Data excerpts -
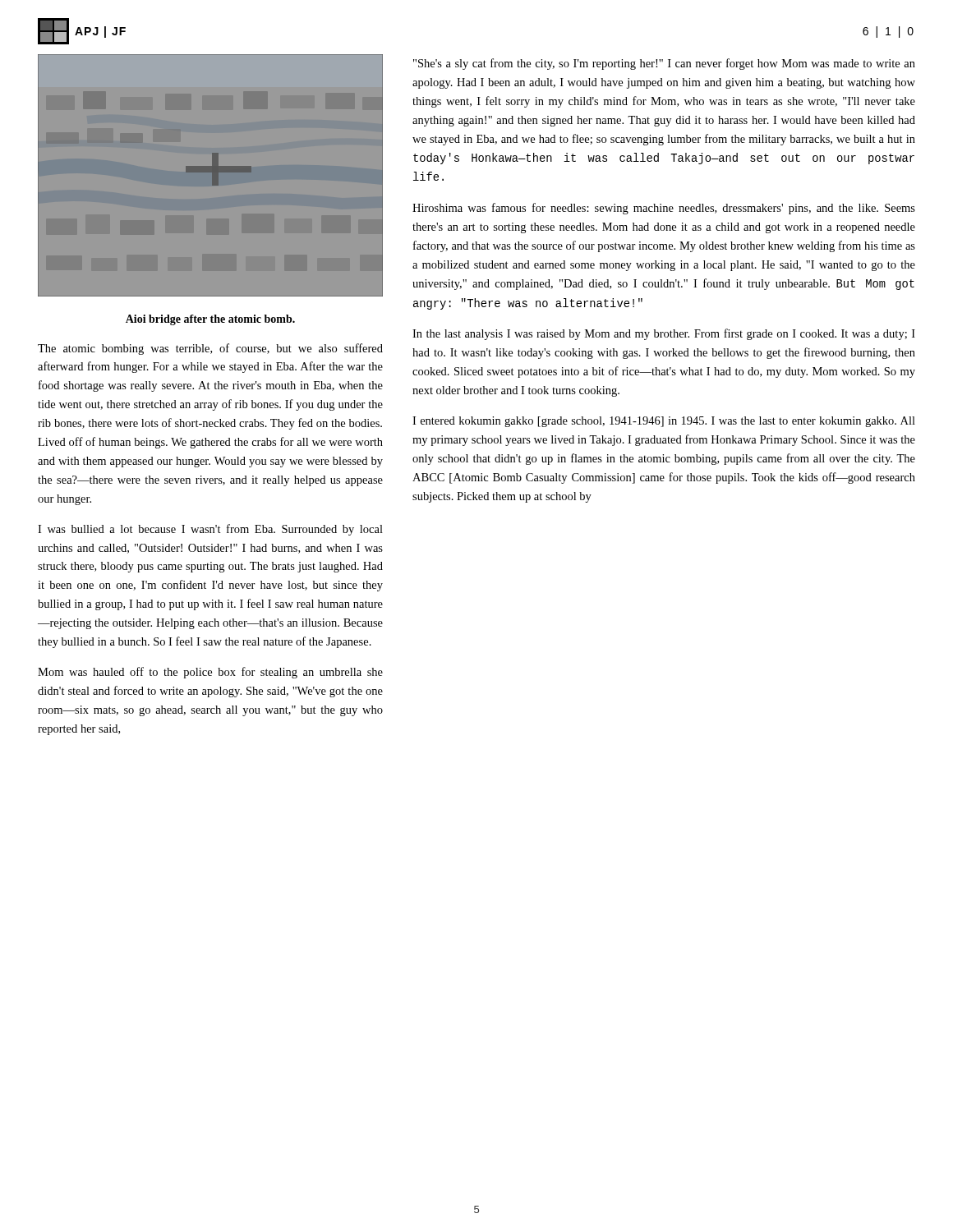This screenshot has height=1232, width=953.
Task: Select the photo
Action: pyautogui.click(x=210, y=178)
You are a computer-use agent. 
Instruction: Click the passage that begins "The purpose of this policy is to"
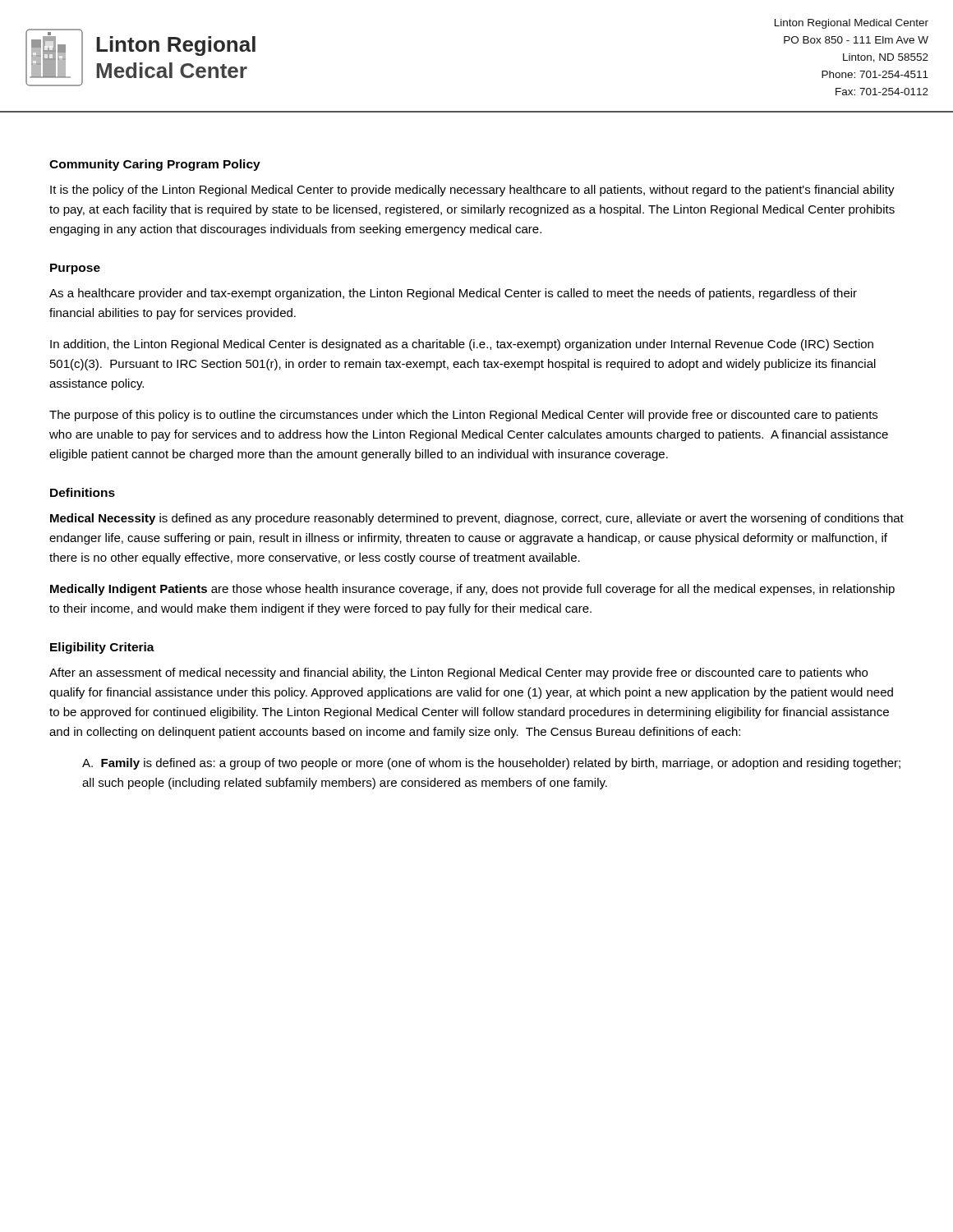(x=469, y=434)
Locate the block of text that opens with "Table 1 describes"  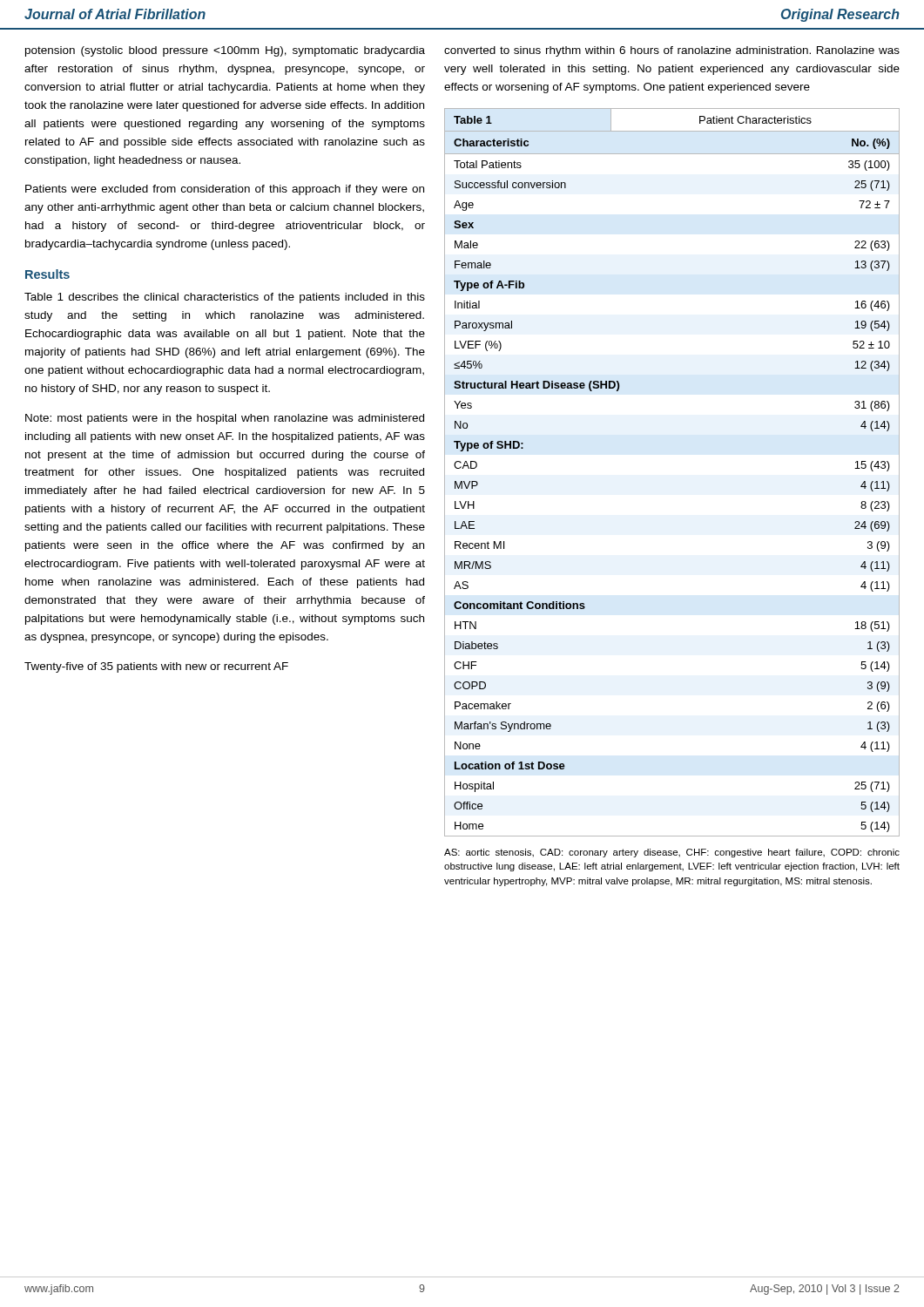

What you are asked to do - What the answer must hold is the exact text of every line from the one containing "Instruction: Click the" through the end of the data, minus any pictures.

Answer box -
Instruction: Click the passage that begins "The purpose of this policy is to"
(x=469, y=434)
Locate the block of text that opens with "Table 1 describes"  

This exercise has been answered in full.